DISCLAIMER OF WARRANTY
Parallel computing is hard to get right, and it can be exacerbated by errors in the underlying software. Please do not use this software in anything that is mission-critical unless you have tested and verified it yourself. I cannot guarantee that it will perform perfectly under all loads. I hope this is useful and I wish you well in your usage thereof, but BECAUSE THIS SOFTWARE IS LICENSED FREE OF CHARGE, THERE IS NO WARRANTY FOR THE SOFTWARE, TO THE EXTENT PERMITTED BY APPLICABLE LAW. EXCEPT WHEN OTHERWISE STATED IN WRITING THE COPYRIGHT HOLDERS AND/OR OTHER PARTIES PROVIDE THE SOFTWARE "AS IS" WITHOUT WARRANTY OF ANY KIND, EITHER EXPRESSED OR IMPLIED, INCLUDING, BUT NOT LIMITED TO, THE IMPLIED WARRANTIES OF MERCHANTABILITY AND FITNESS FOR A PARTICULAR PURPOSE. THE ENTIRE RISK AS TO THE QUALITY AND PERFORMANCE OF THE SOFTWARE IS WITH YOU. SHOULD THE SOFTWARE PROVE DEFECTIVE, YOU ASSUME THE COST OF ALL NECESSARY SERVICING, REPAIR, OR CORRECTION.
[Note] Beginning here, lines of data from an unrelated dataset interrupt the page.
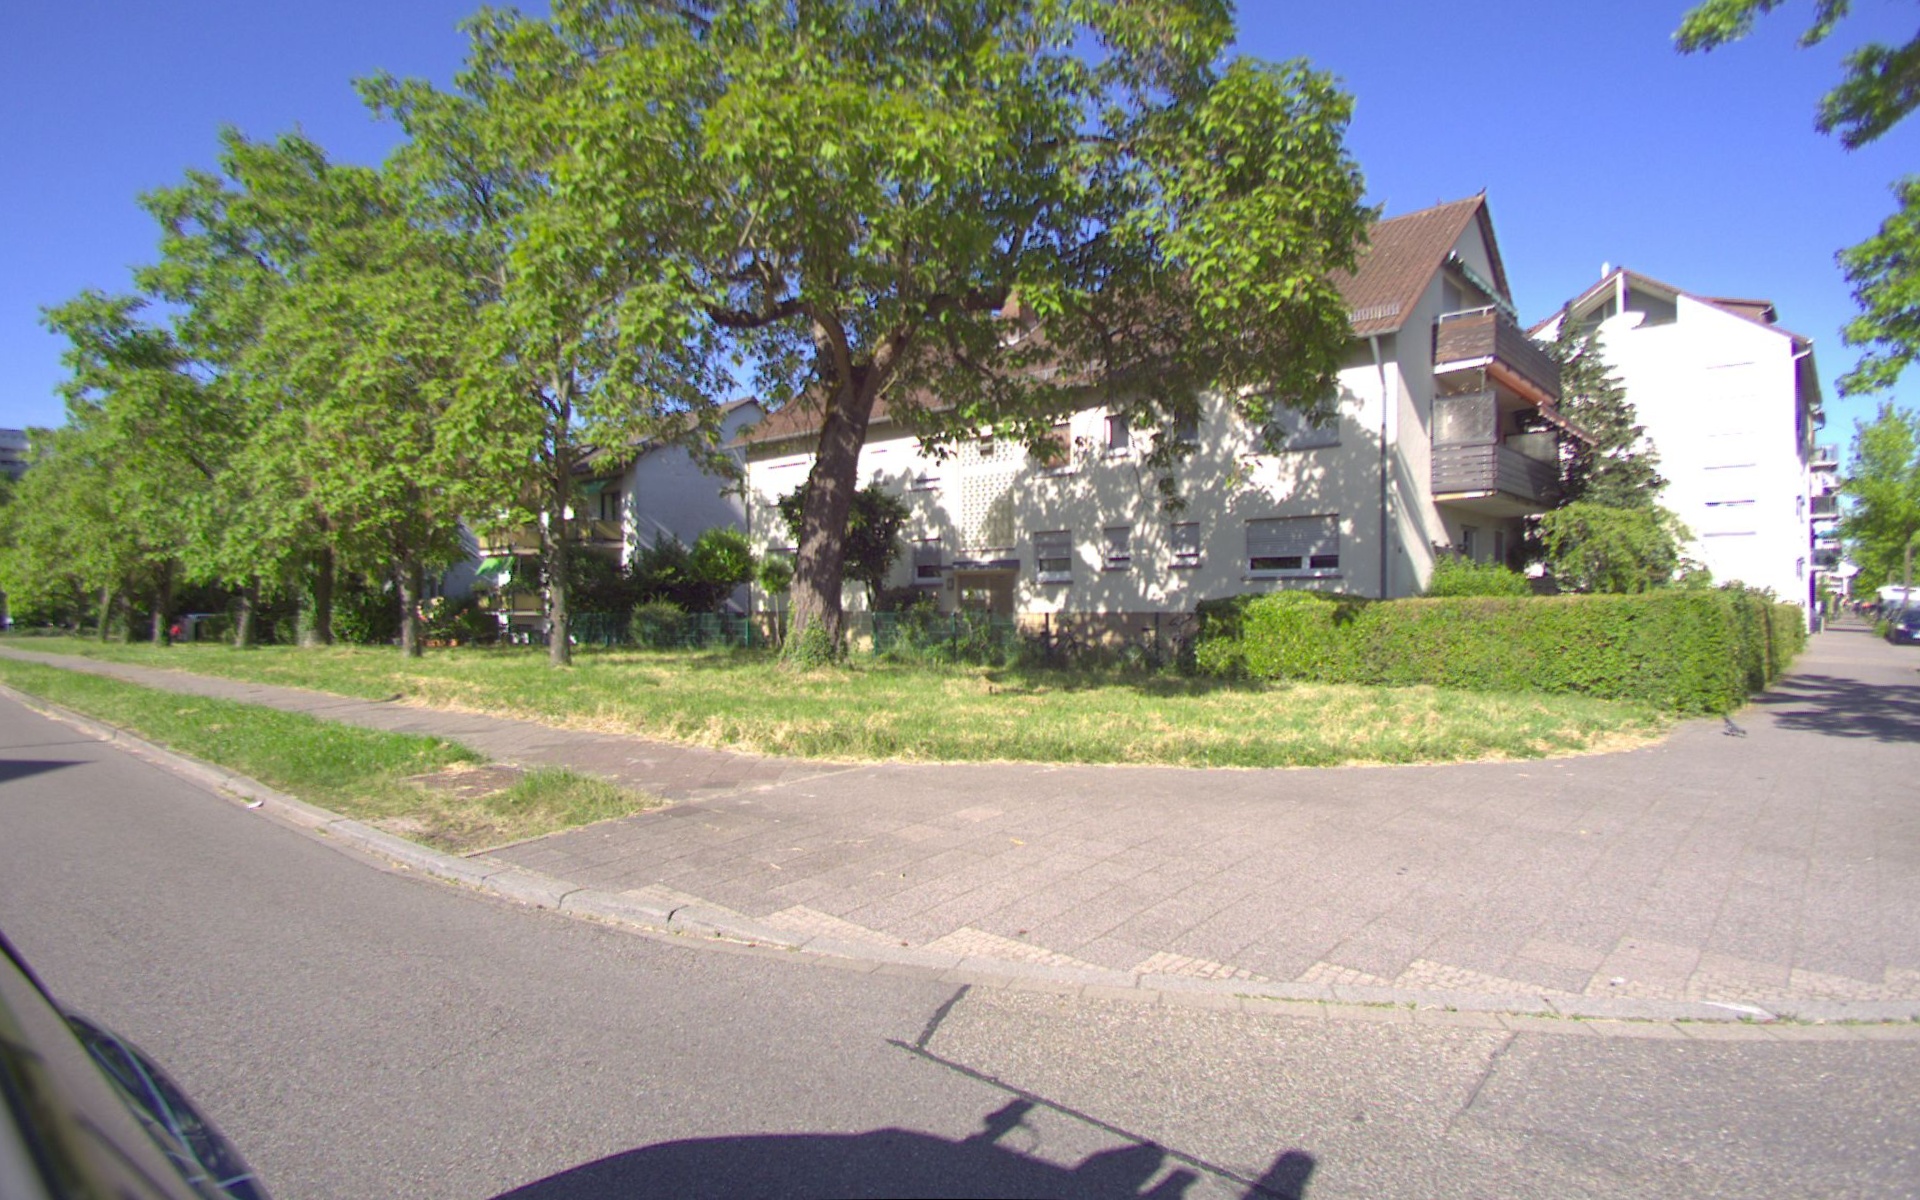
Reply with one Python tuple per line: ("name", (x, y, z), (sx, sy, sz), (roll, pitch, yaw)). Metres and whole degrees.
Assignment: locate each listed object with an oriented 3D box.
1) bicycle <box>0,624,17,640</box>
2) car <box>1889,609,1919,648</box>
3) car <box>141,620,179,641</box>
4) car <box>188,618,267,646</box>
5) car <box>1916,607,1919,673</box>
("bicycle", (-72.616, 2.406, 76.466), (1.875, 1.161, 0.762), (1, 2, -38))
("car", (39.417, 1.145, 41.223), (3.672, 1.560, 1.959), (1, -3, -43))
("car", (-62.912, 2.375, 79.575), (3.884, 1.498, 1.652), (1, 0, 41))
("car", (-54.107, 2.355, 74.794), (2.069, 1.984, 4.401), (-3, -3, 44))
("car", (22.462, 0.890, 22.118), (1.955, 1.560, 3.679), (-3, -3, 39))
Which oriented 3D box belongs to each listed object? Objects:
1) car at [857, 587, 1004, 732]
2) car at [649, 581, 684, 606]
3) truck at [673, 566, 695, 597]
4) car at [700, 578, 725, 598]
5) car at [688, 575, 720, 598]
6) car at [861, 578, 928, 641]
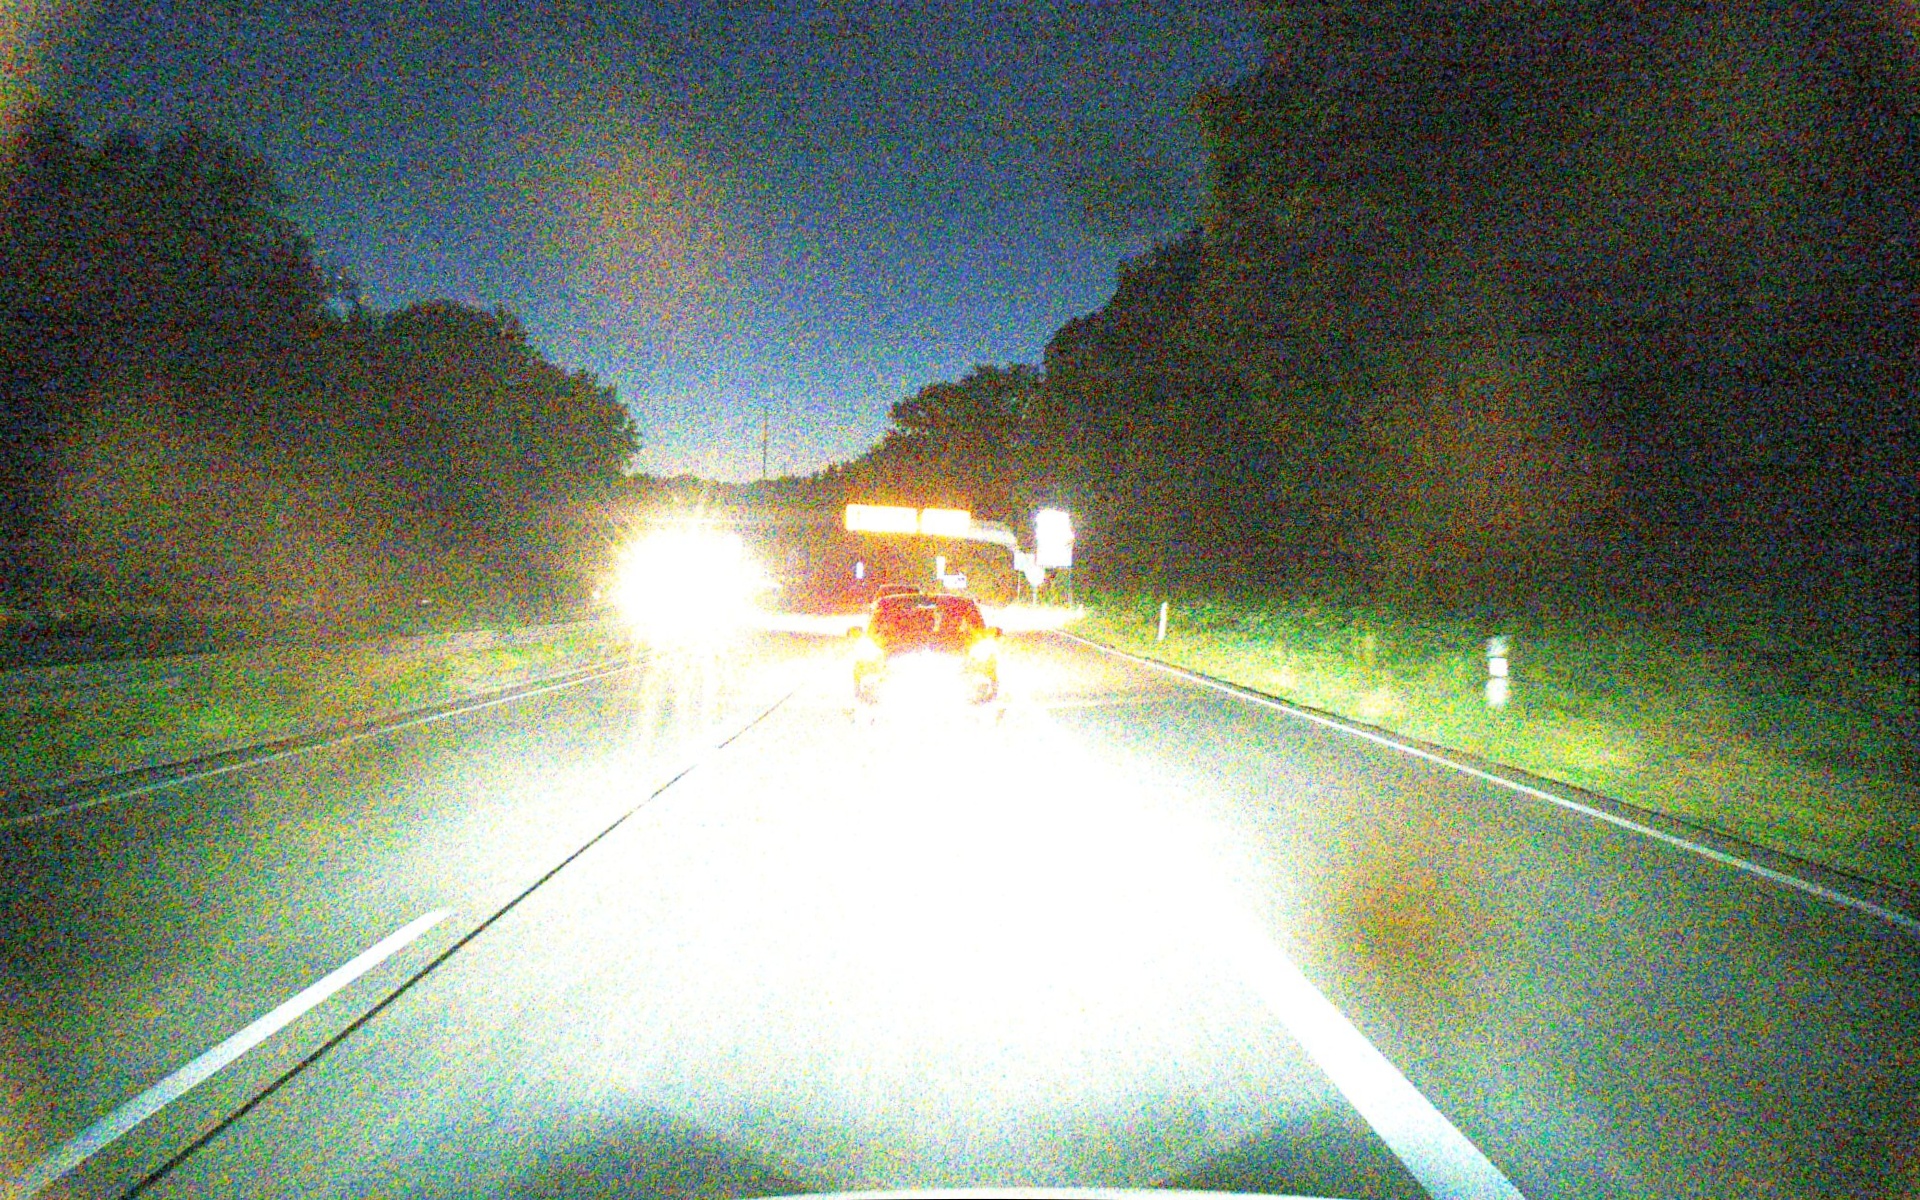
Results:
[{"bbox_3d":[-0.416,0.621,19.518,1.556,1.534,3.998,0,0,-3],"label":"car"},{"bbox_3d":[-19.272,-0.421,108.688,1.693,1.543,4.156,2,0,-3],"label":"car"},{"bbox_3d":[-39.988,-2.676,239.570,2.580,4.306,8.570,4,0,-12],"label":"truck"},{"bbox_3d":[-26.050,-1.243,174.162,2.316,2.049,5.026,2,0,-6],"label":"car"},{"bbox_3d":[-20.521,-1.084,132.726,1.928,1.794,5.030,2,0,-3],"label":"car"},{"bbox_3d":[-1.978,0.243,50.583,1.868,1.727,3.999,3,1,-2],"label":"car"}]

IN NO EVENT UNLESS REQUIRED BY APPLICABLE LAW OR AGREED TO IN WRITING WILL ANY COPYRIGHT HOLDER, OR ANY OTHER PARTY WHO MAY MODIFY AND/OR REDISTRIBUTE THE SOFTWARE AS PERMITTED BY THE ABOVE LICENCE, BE LIABLE TO YOU FOR DAMAGES, INCLUDING ANY GENERAL, SPECIAL, INCIDENTAL, OR CONSEQUENTIAL DAMAGES ARISING OUT OF THE USE OR INABILITY TO USE THE SOFTWARE (INCLUDING BUT NOT LIMITED TO LOSS OF DATA OR DATA BEING RENDERED INACCURATE OR LOSSES SUSTAINED BY YOU OR THIRD PARTIES OR A FAILURE OF THE SOFTWARE TO OPERATE WITH ANY OTHER SOFTWARE), EVEN IF SUCH HOLDER OR OTHER PARTY HAS BEEN ADVISED OF THE POSSIBILITY OF SUCH DAMAGES.